Orbital characteristics
- Semi-major axis: 320
- Orbital period (sidereal): 6037.4
- Star: GSC 06214-00210

Physical characteristics
- Mean radius: 1.8
- Mass: 16
- Temperature: 2200

= GSC 06214-00210 b =

Gas giant exoplanet

GSC 06214-00210 b is a gas giant exoplanet orbiting the K-type star GSC 06214-00210 which is located approximately 356 light-years from Earth in the constellation Scorpius.

== Discovery ==
GSC 06214-00210 b, along with 1RXS J160929.1−210524 b, was first reported in 2010 as part of an adaptive optics imaging survey targeting wide companions (~50–500 AU) to solar-type stars in the Upper Scorpius association. The discovery paper, published in 2011, identified it as a ~14 Jupiter-mass companion and confirmed its comoving status with the host star. Follow-up spectroscopy observations in the same year refined its properties and also the spectral type of L0±1, with multiple signs of youth.

== Characteristics ==
Near-infrared spectroscopy revealed exceptionally strong Paschen β emission (equivalent width −11.4 ± 0.3 Å), indicating the presence of a circumplanetary accretion disk.
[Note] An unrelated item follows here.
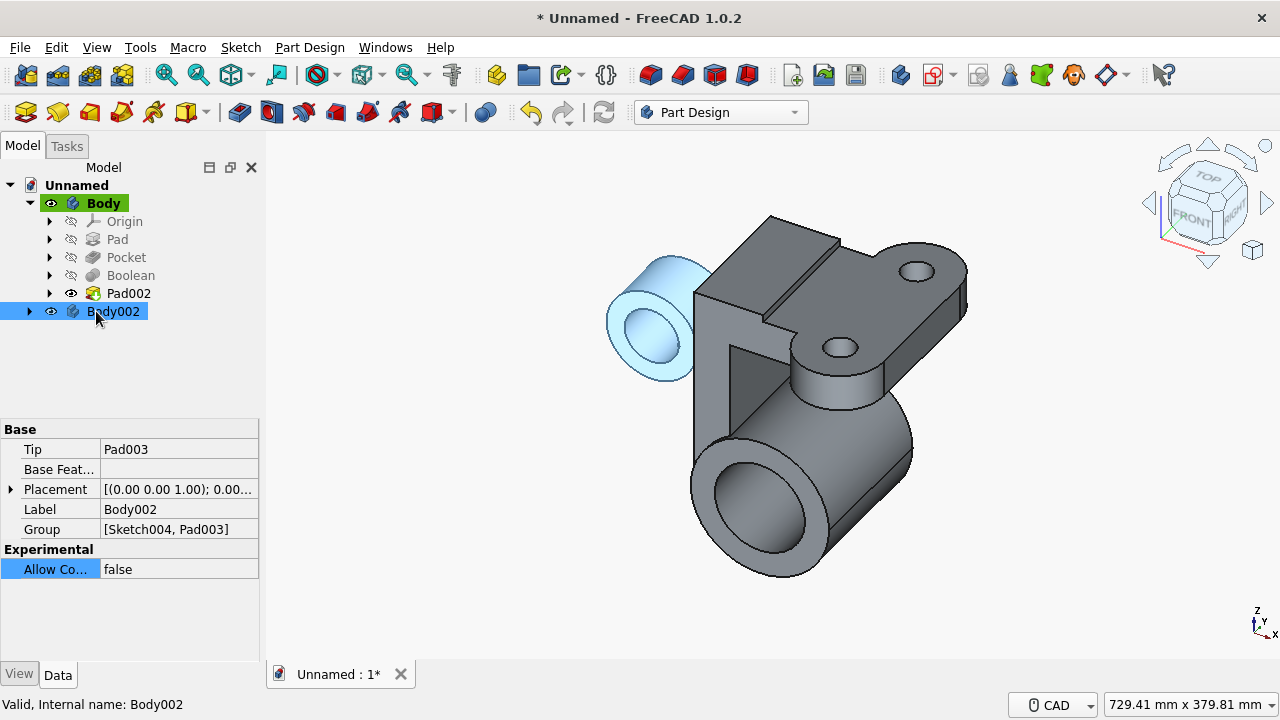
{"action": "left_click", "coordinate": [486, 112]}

Subsequent studies have documented variability in the H I Paschen β emission line on timescales from minutes to decades, with moderate flux changes (<50%) on short scales and larger variations (up to ~1000%) over years, resembling classical T Tauri stars. There are line profiles for GSC 06214-00210 b and GQ Lupi b, and for GSC 06214-00210 b, they are consistent with both magnetospheric accretion and shock models, though shock models are favored in the brightest epochs.